【leetcode】1529. Bulb Switcher IV

题目如下：

There is a room with n bulbs, numbered from 0 to n-1, arranged in a row from left to right. Initially all the bulbs are turned off.

Your task is to obtain the configuration represented by target where target[i] is '1' if the i-th bulb is turned on and is '0' if it is turned off.

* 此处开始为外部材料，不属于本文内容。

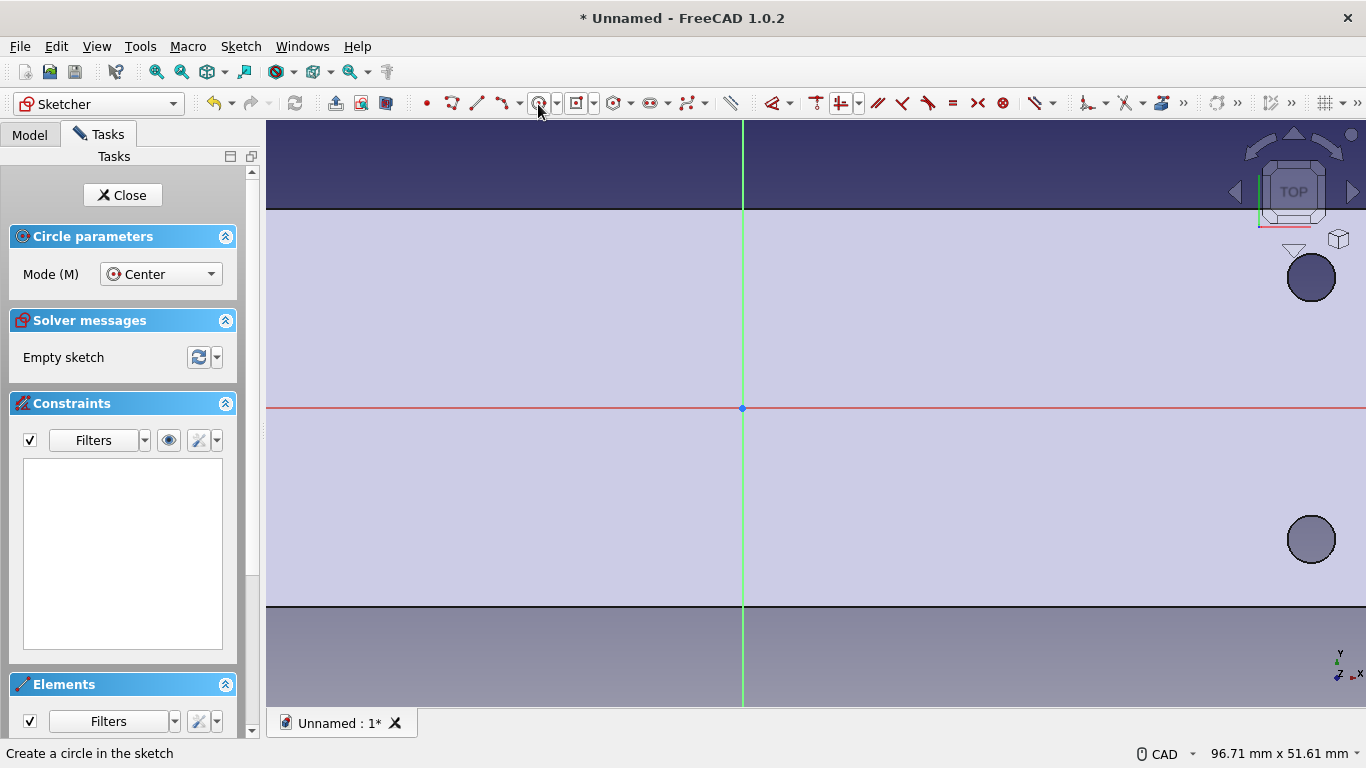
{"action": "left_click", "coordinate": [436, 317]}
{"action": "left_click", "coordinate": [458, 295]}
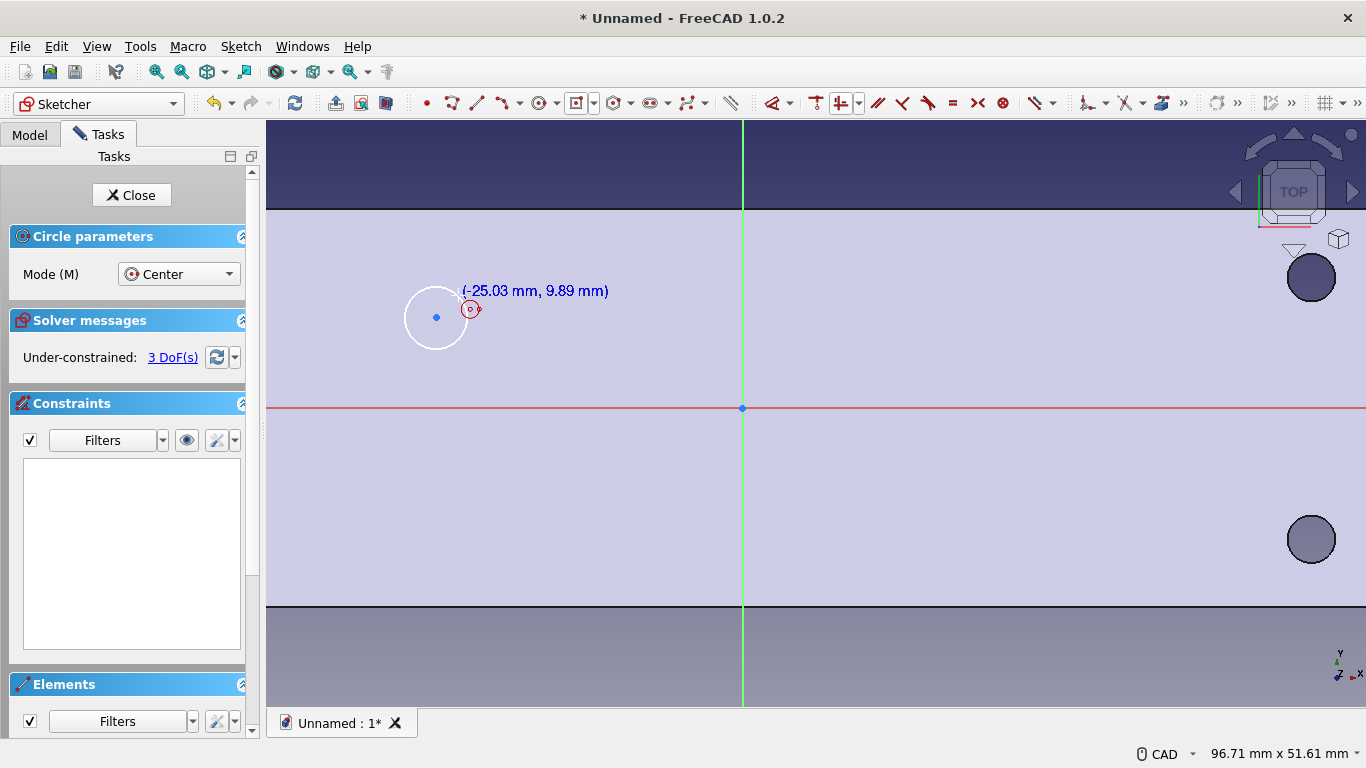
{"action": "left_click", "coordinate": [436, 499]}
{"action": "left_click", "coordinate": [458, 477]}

You have a switch to flip the state of the bulb, a flip operation is defined as follows:

• Choose any bulb (index i) of your current configuration.
• Flip each bulb from index i to n-1.

When any bulb is flipped it means that if it is 0 it changes to 1 and if it is 1 it changes to 0.

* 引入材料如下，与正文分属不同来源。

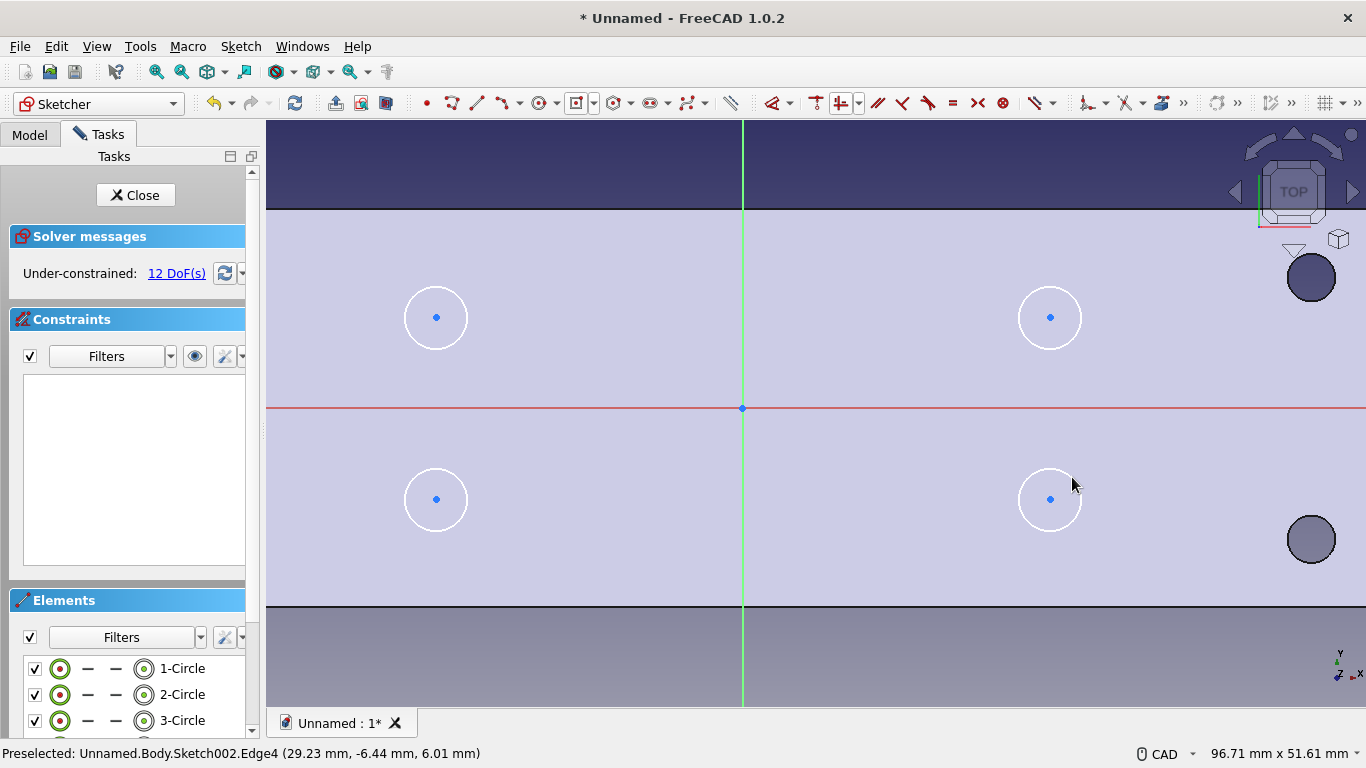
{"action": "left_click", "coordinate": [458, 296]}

Return the minimum number of flips required to form target.

Example 1:

Input: target = "10111"
Output: 3
Explanation: Initial configuration "00000".
flip from the third bulb:  "00000" -> "00111"
flip from the first bulb:  "00111" -> "11000"
flip from the second bulb:  "11000" -> "10111"
We need at least 3 flip operations to form target.

Example 2:

Input: target = "101"
Output: 3
Explanation: "000" -> "111" -> "100" -> "101".

Example 3:

Input: target = "00000"
Output: 0

Example 4:

Input: target = "001011101"
Output: 5

Constraints:

• 1 <= target.length <= 10^5
• target[i] == '0' or target[i] == '1'

解题思路：记dp[i] = v 为经过v次的开关后，使得0~i这个子区间的灯泡满足target的需求。对于任意一个灯泡i来说，其开关的次数只与i-1的开关次数有关。如果当前第i-1个灯泡开关了n次，那么显然第i个灯泡也开关了n次，只要判断n次之后i灯泡的状态是否满足target的要求，如果满足，则dp[i] = dp[i-1]，不满足的话则有dp[i] = dp[i-1]+1。

代码如下：

class Solution(object):
    def minFlips(self, target):
        """
        :type target: str
        :rtype: int
        """
        dp = [0] * len(target)
        dp[0] = 0 if target[0] == '0' else 1
        for i in range(1,len(target)):
            if dp[i-1] % 2 == 0:
                dp[i] = dp[i-1] if target[i] == '0' else dp[i-1] + 1
            else:
                dp[i] = dp[i-1] if target[i] == '1' else dp[i-1] + 1
        #print dp
        return dp[-1]